「恵子だけではだめなんです」
【調査会NEWS1576】(26.6.16)
小泉訪朝の半年前、平成14年(2002)春頃有本恵子さん帰国という噂がさかんに飛び交ったことがあります。調査会が出来るのは翌年で、当時私は救う会全国協議会の事務局長でした。
「有本さんが北京に出た」「有本さんが神戸の自宅に帰っている」「平壌でTBSが有本さんの独占取材をした」など、この当時様々な情報が流れました。実際第1次拉致議連の会長であった中山正暉議員(当時)はよど号グループがらみで第三国解放の方向を模索しており、北朝鮮の意図を体して有本さんご夫妻に救う会との関係を絶つように求めたこともありました(それがきっかけになって第一次拉致議連は解散、中山議員を排除して現在の拉致議連が結成されました)。
北朝鮮が有本恵子さんを選んだのは、暴力的に連れ去ったことが明らかな横田めぐみさんらとは異なるからです。騙されたとはいえ自分の意志で北朝鮮に入った恵子さんは、北朝鮮からすれば「来たくてわが国にやってきた。そして自分の意志でそのまま居続けた」と言える余地があります(もちろん常識からすれば無理な話ですが)。そして第三国で突然現れれば北朝鮮は拉致を認めなくてすみます。日本側では「北朝鮮は軟化している。関係を良くすればさらに拉致被害者を交渉で取り返せるかも知れない」という期待を抱き、国交正常化の動きに拍車がかかったのではないか。少なくとも当時北朝鮮は明らかにそれをしようとしていました。
しかし、お母さんの嘉代子さんは度々「恵子だけではだめなんです。皆一緒でなければだめなんです」と強調しておられました。後で考えると、有本恵子さんが帰国させるリストから外されたのは、有本恵子帰国で終わらせられると思った北朝鮮側が、それではすまないと思って方針を変えたのかも知れません。であれば有本恵子さんがあのとき帰国できなかったことには私も責任の一端があると言えるでしょう。

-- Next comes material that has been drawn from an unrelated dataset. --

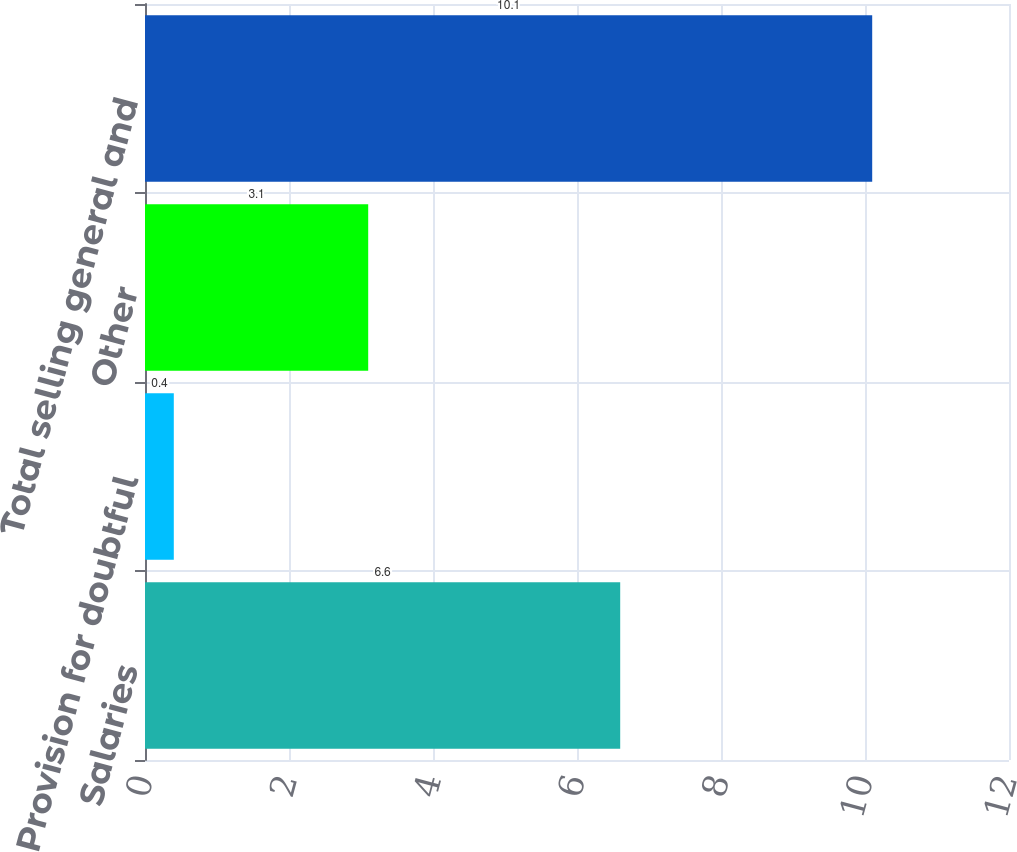Convert chart to OTSL. <chart><loc_0><loc_0><loc_500><loc_500><bar_chart><fcel>Salaries<fcel>Provision for doubtful<fcel>Other<fcel>Total selling general and<nl><fcel>6.6<fcel>0.4<fcel>3.1<fcel>10.1<nl></chart> 
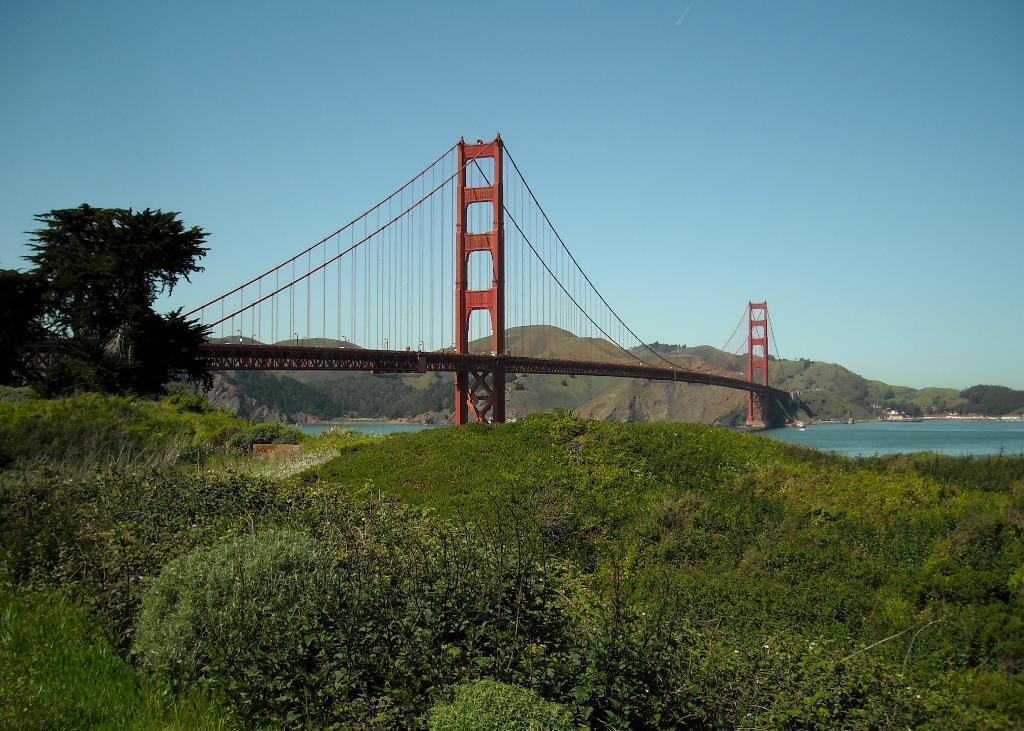Can you describe this image briefly? In the picture we can see, full of plants and near to it, we can see some tree and bridge from one corner to another corner of the hill and in the background we can see a sky.

5月29日の合意発表以来、帰国予定者リストについての報道がなされています。北朝鮮は帰国させる拉致被害者をすでに平壌に集め教育したり多少は良いものを食べさせて見劣りしないようにしようとしているでしょうから、確かにリストはあるのかもしれません。しかし相手は山賊国家、虚実とりまぜた情報を色々なルートから流しているはずです。一喜一憂してはいけません。
交渉ですべてを取り返すことはできないのですから、ともかく何人でも帰ってくればそれはそれで成功だと思います。「一緒に」は無理ででしょう。しかし、「皆帰ってこなければだめなんです」ということだけは国民の意志として持つ必要があると思います。